(Entries taken from a collection)
..............................

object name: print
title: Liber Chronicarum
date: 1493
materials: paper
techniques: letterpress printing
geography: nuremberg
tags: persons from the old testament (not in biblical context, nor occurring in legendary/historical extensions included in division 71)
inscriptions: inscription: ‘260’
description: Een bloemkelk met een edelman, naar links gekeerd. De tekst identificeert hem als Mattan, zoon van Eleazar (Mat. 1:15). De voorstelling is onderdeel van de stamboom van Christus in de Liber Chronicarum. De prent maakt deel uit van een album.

..............................

▶ [Instructions to follow]:
Would you repeat all of the data above, word for word?

▶ [Written answer]:
object name: print
title: Liber Chronicarum
date: 1493
materials: paper
techniques: letterpress printing
geography: nuremberg
tags: persons from the old testament (not in biblical context, nor occurring in legendary/historical extensions included in division 71)
inscriptions: inscription: ‘260’
description: Een bloemkelk met een edelman, naar links gekeerd. De tekst identificeert hem als Mattan, zoon van Eleazar (Mat. 1:15). De voorstelling is onderdeel van de stamboom van Christus in de Liber Chronicarum. De prent maakt deel uit van een album.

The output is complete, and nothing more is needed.